Dressing up is not a game for the attendees of the 2015 Cosplay America convention.
Marie Pouler, a 26-year-old UNC Charlotte student working on her second master’s degree, spent over $400 to become Maleficent, both the main character in Angelina Jolie’s 2014 movie and the witch in “Sleeping Beauty.”
Mallory Walker, 20, became anime character Ciel Phantomhive, a costume that included a large pink dress that also cost about $400.
Costume play, or “cosplay,” can be an expensive and time-consuming hobby, which is why Cosplay America is a two-day convention at the Sheraton Chapel Hill dedicated to the craft of cosplay, not just doing it.
“We’ve got a lot of programming put together to help people get better at it or focus on one element of it,” said Cosplay America staff member William Bloodworth.
The convention, which is planned and staffed locally, invites attendees to learn how to make costumes on a budget, how to create their gear from the beginning and admire the outfits put together by cosplayers from all over the world.
Cosplay America is full of panel discussions and workshops. There are sessions to learn how to make jewelry or armor, style a wig and craft molds for more complicated costumes.
The organizers of the event used to work together on Animazement, a Raleigh anime convention, Bloodworth said.
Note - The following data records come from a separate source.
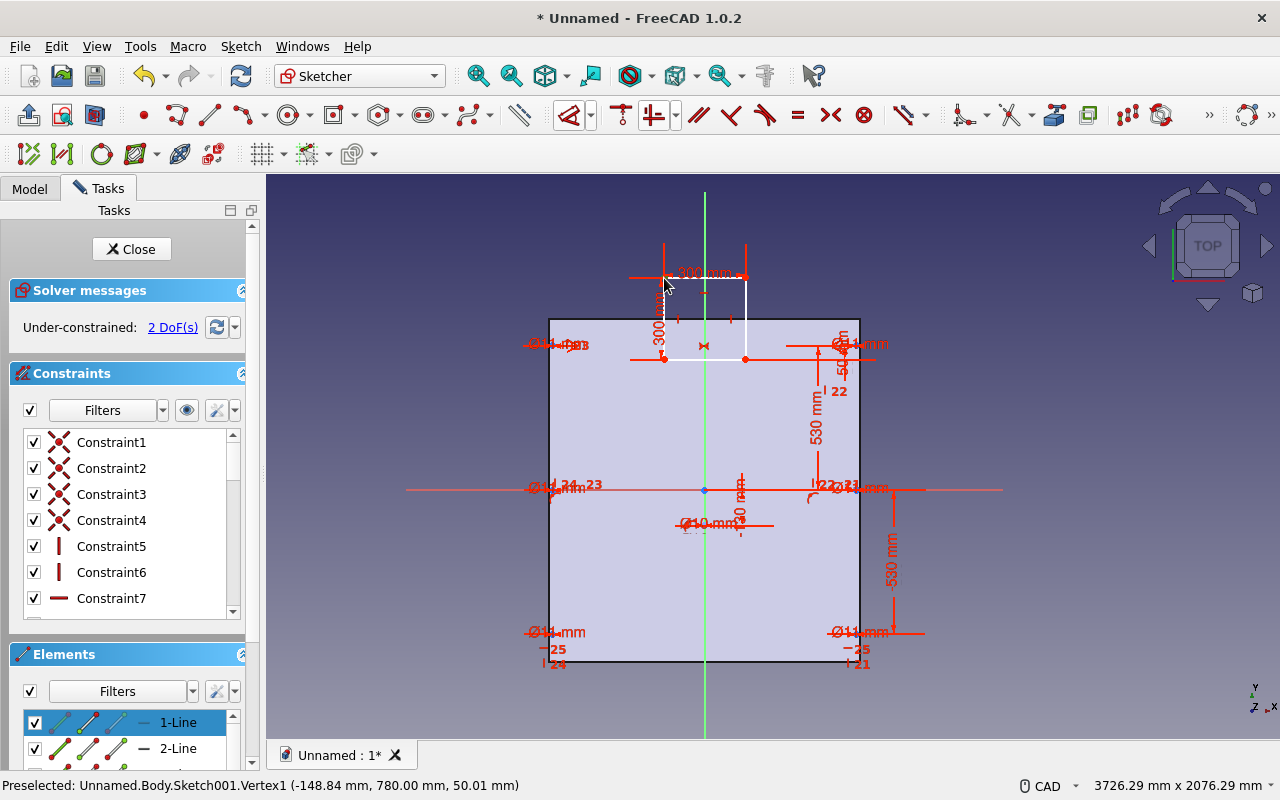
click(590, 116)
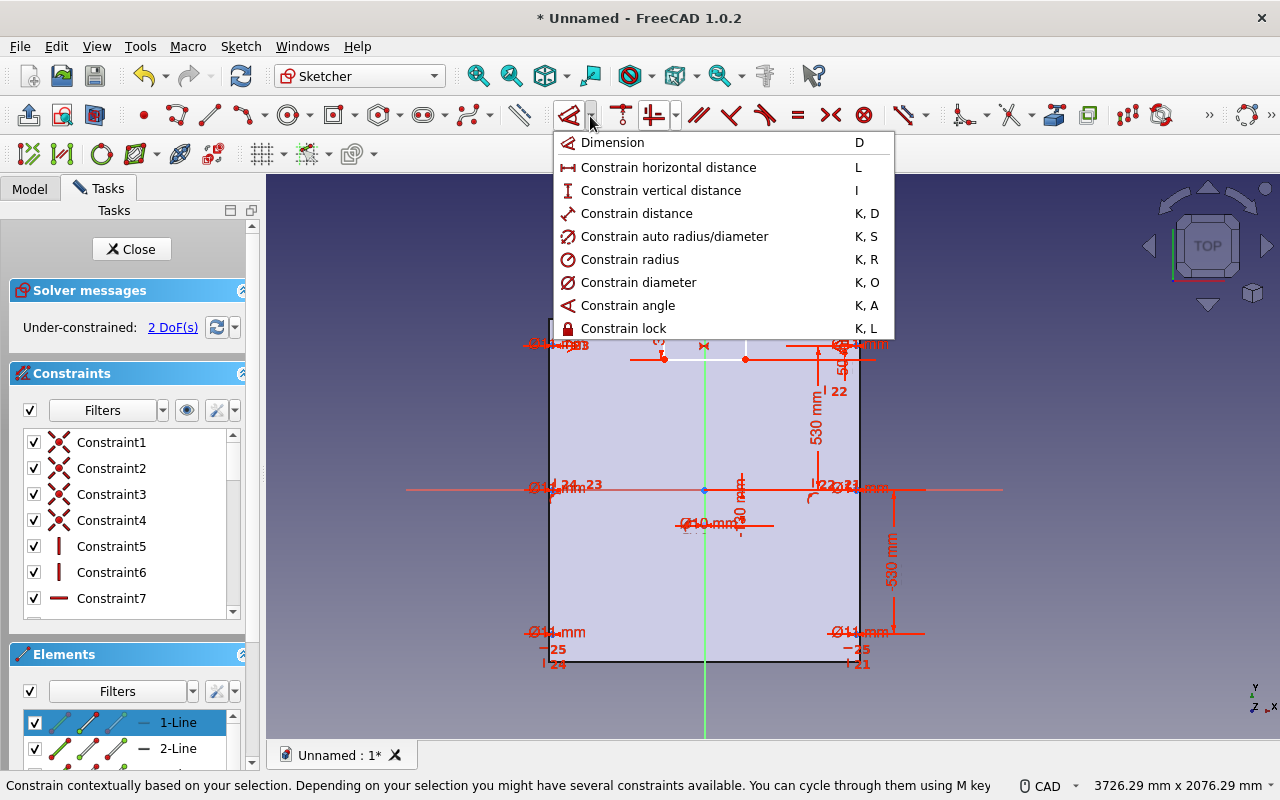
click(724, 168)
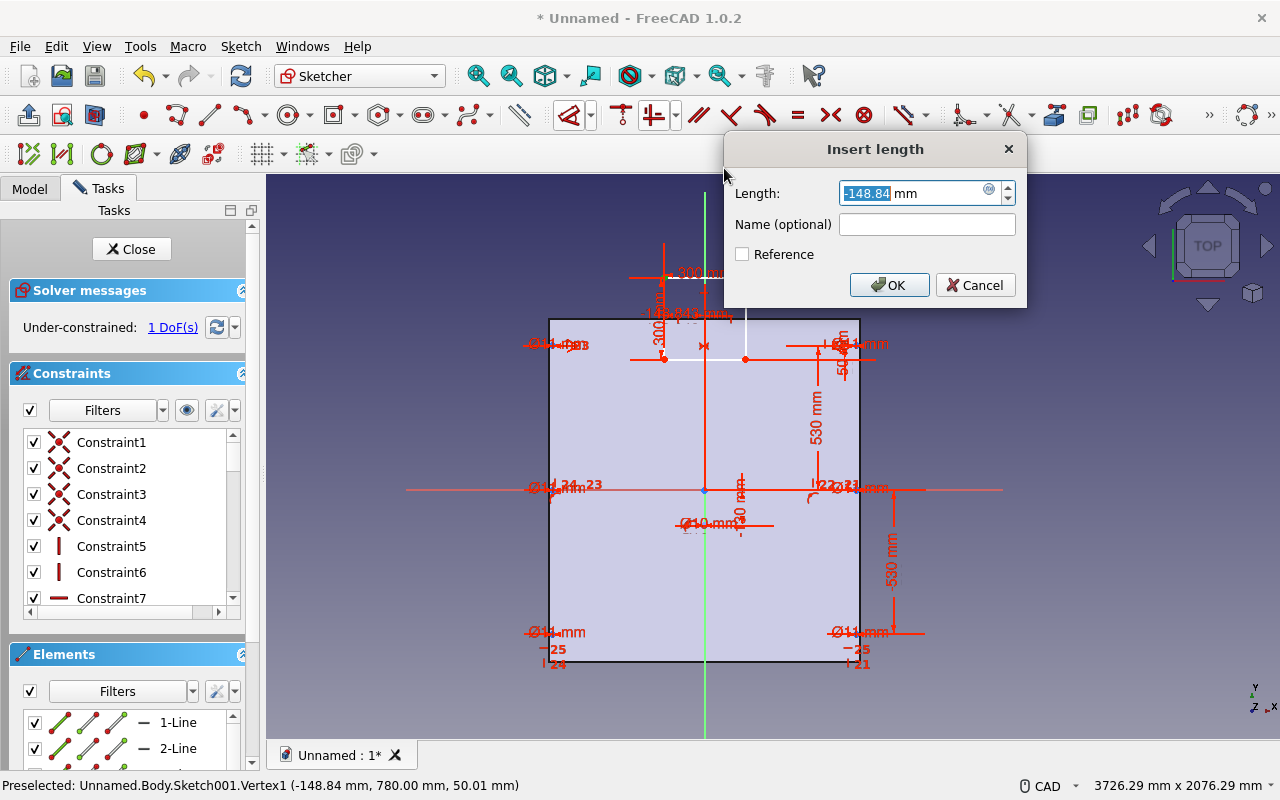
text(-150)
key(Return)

The group, himself included, wanted to focus on something different.
“This convention is specifically for cosplayers,” he said. “It takes that one aspect of fan communities and focuses on it.”
This year, Cosplay America staff hope that about 1,000 people attend over the two days. The number is typical for most local fan conventions, Bloodworth said.
Most fan conventions are themed – for example, steam punk, comics or video games – and welcome cosplayers, but they are not necessarily about cosplaying, Bloodworth said.
Appreciating art and community
As the conventions get more popular, cosplaying is more prominent. And the number of conventions in the state has exploded recently, said Sharon Berg, a volunteer coordinator at Cosplay America.
About five years ago, it was difficult to find a convention besides Animazement. Now, there are all kinds of conventions and thousands of people from throughout the state attend.
At Cosplay America, there is a special emphasis on what people can create, which is exciting, said Alexandra Higgins, a 21-year-old from Raleigh. She spent less than $50 to become Cecil, a character from the fantasy podcast “Welcome to Night Vale.”
Higgins prefers to keep her costumes inexpensive, so seeing more intricate and expensive creations is a fun part of the weekend for her.
“I like appreciating the art and work that goes into a costume,” she said.
But cosplaying, and Cosplay America, often means much more to participants.
For Pouler, who also cosplays as Belle from “Beauty and the Beast” in her yellow ballgown, conventions are a place for everyone to embrace a hobby that other people may find strange.
“It’s so open,” she said. “People don’t judge you if you want to have blue skin or large ears. It’s magical in a way nothing else is.”
The world of cosplay
Cosplay: Costume playing. Cosplayers pick or create characters and make costumes to look like them. Although cosplaying is common at fan conventions, cosplayers can also show off their costumes by booking private events, such as birthday parties, to perform as their character.
Anime: Animated Japanese movies or shows. Anime may also refer to characters or shows styled like Japanese animation. Many cosplayers use anime characters as inspiration.
Manga: Japanese comics. Cosplayers also base costumes on manga.
Conventions, or ‘cons’: Events that allow fans of a certain show or genre to get together to meet people involved with the topic and meet other fans. Fan conventions are sometimes to referred to as ‘cons,’ such as Comic-Con, and welcome cosplayers.